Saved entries
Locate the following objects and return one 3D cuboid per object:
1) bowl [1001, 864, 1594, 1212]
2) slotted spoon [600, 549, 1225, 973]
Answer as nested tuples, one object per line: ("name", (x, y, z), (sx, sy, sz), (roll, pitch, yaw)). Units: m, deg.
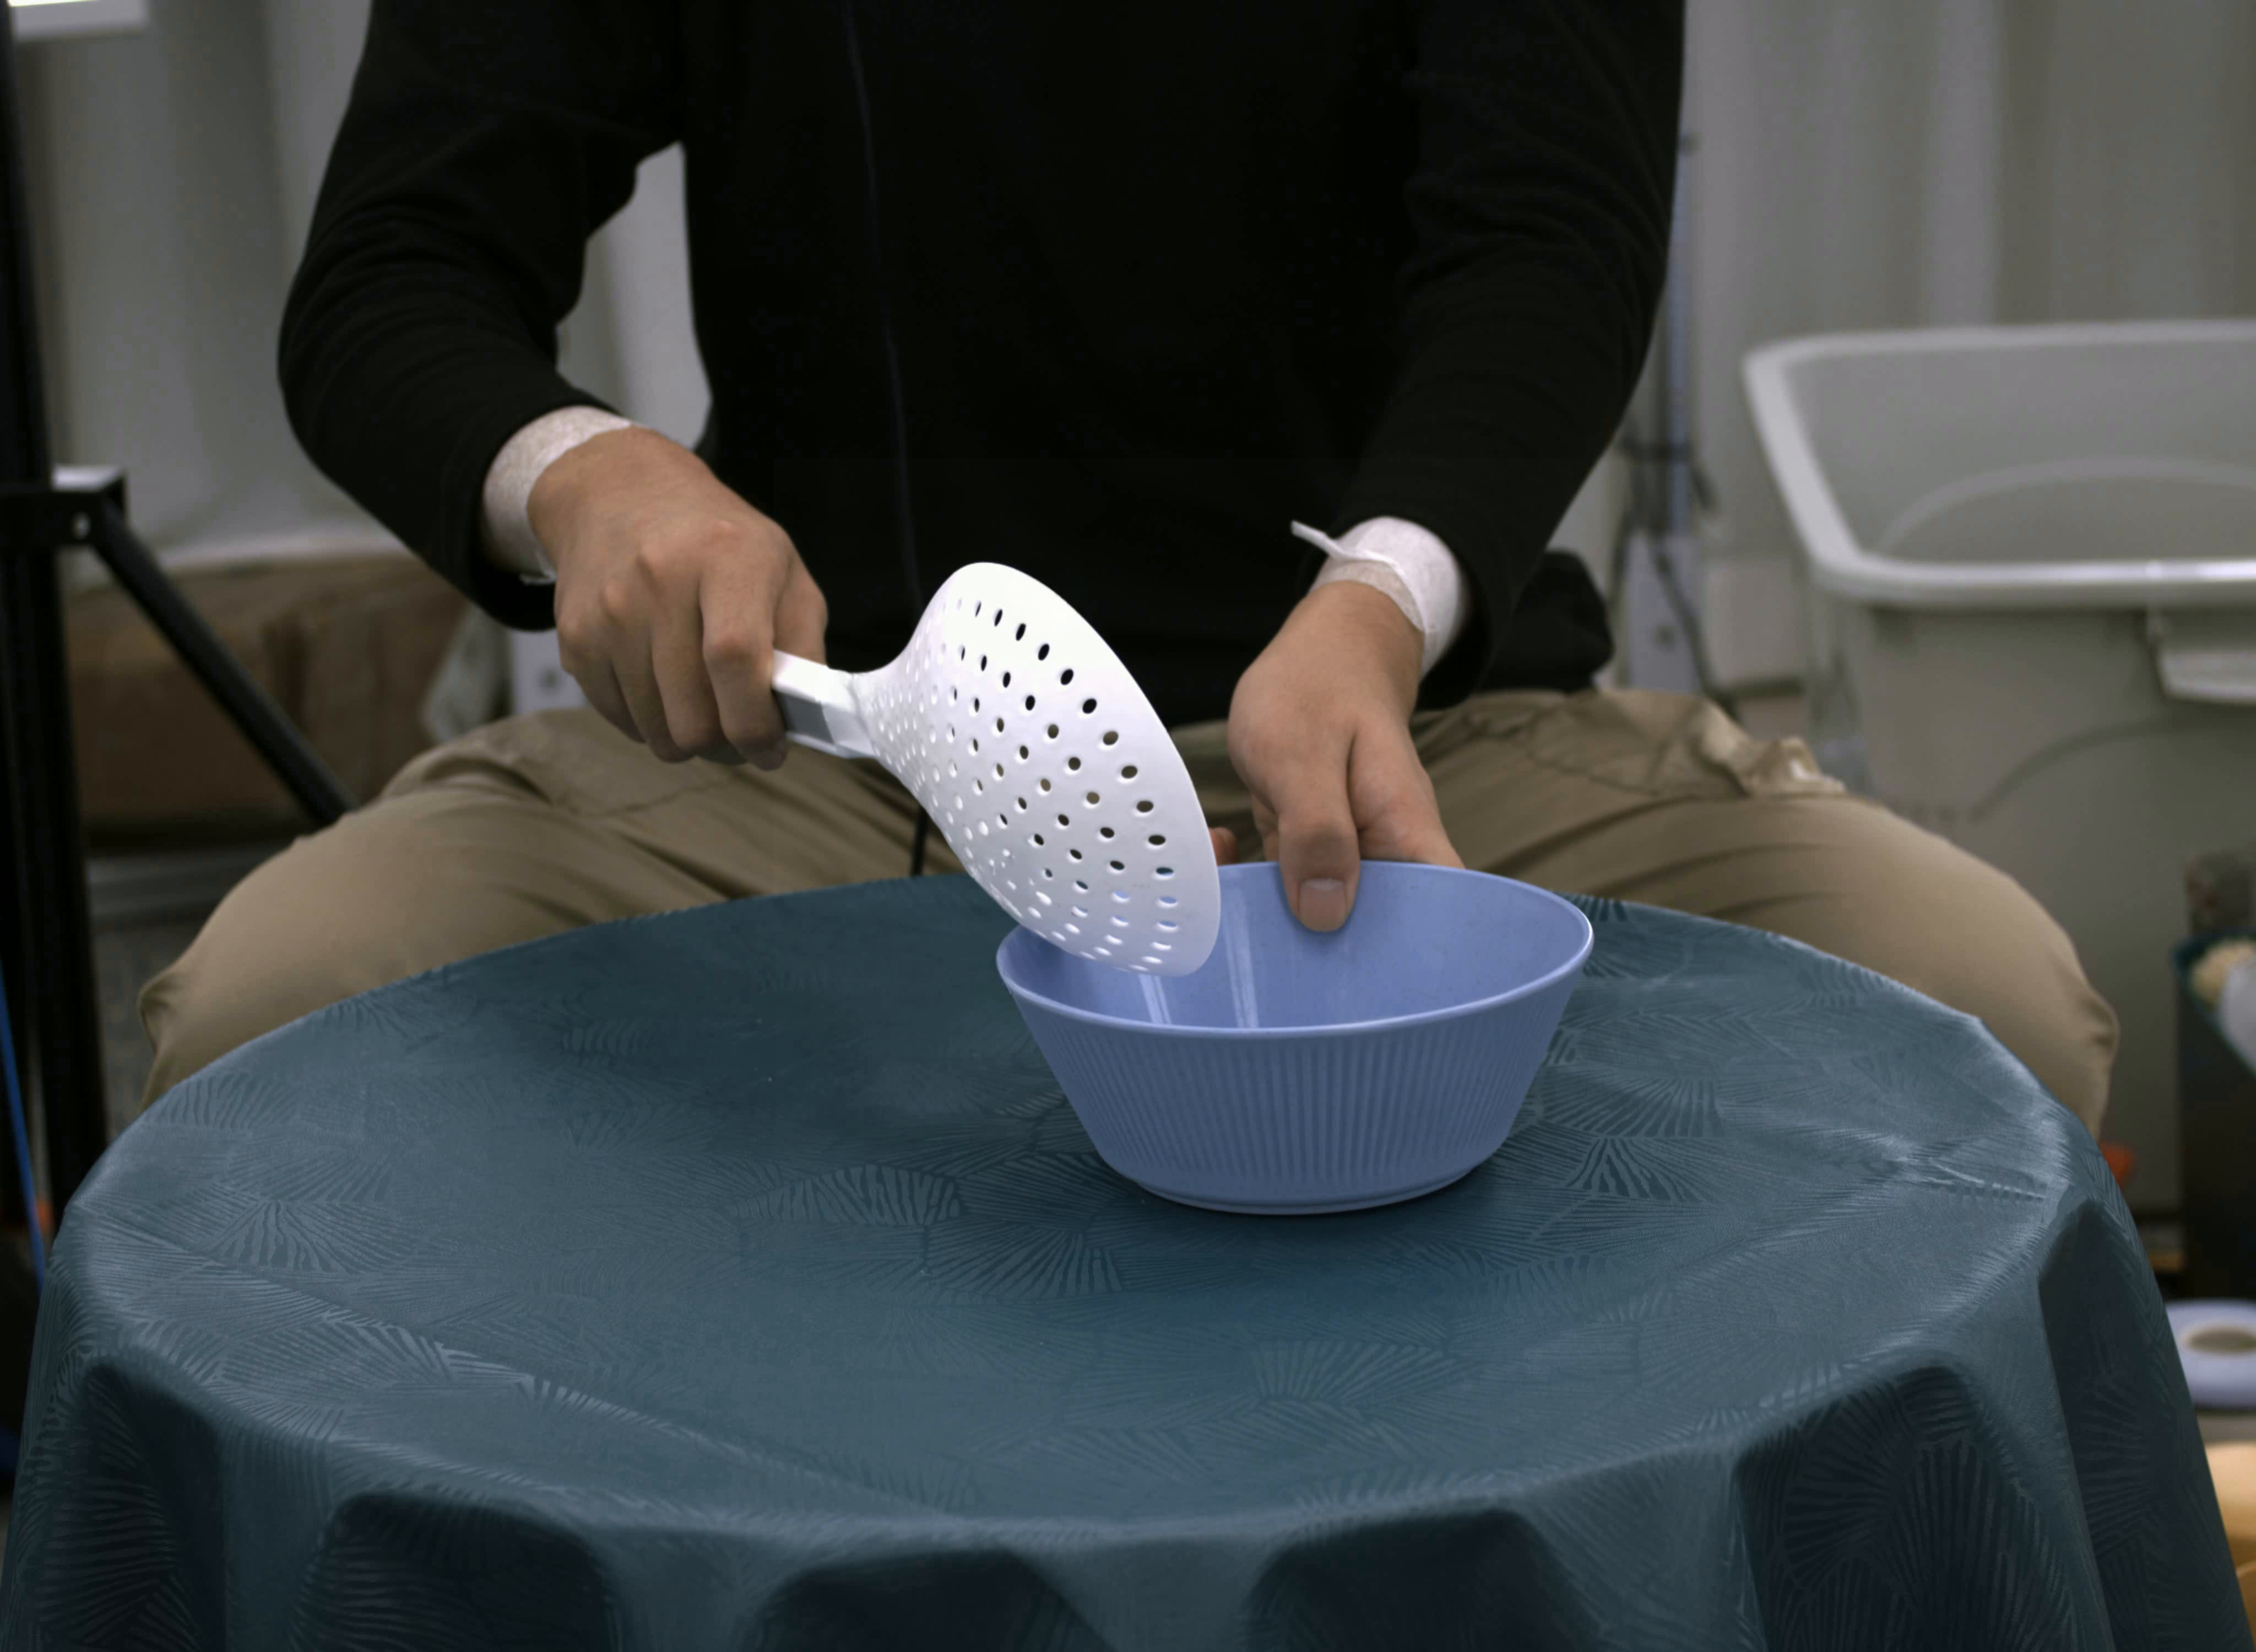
("bowl", (0.051, 0.065, 1.571), (0.175, 0.070, 0.177), (-3, 14, -1))
("slotted spoon", (-0.077, -0.034, 1.646), (0.045, 0.135, 0.357), (-26, 22, -21))

EXERCISE OBJECTIVE =
Output the data exactly. Pictures don't belong in the result.

SOLUTION FOR THIS TASK =
Locate the following objects and return one 3D cuboid per object:
1) bowl [1001, 864, 1594, 1212]
2) slotted spoon [600, 549, 1225, 973]
Answer as nested tuples, one object per line: ("name", (x, y, z), (sx, sy, sz), (roll, pitch, yaw)). Units: m, deg.
("bowl", (0.051, 0.065, 1.571), (0.175, 0.070, 0.177), (-3, 14, -1))
("slotted spoon", (-0.077, -0.034, 1.646), (0.045, 0.135, 0.357), (-26, 22, -21))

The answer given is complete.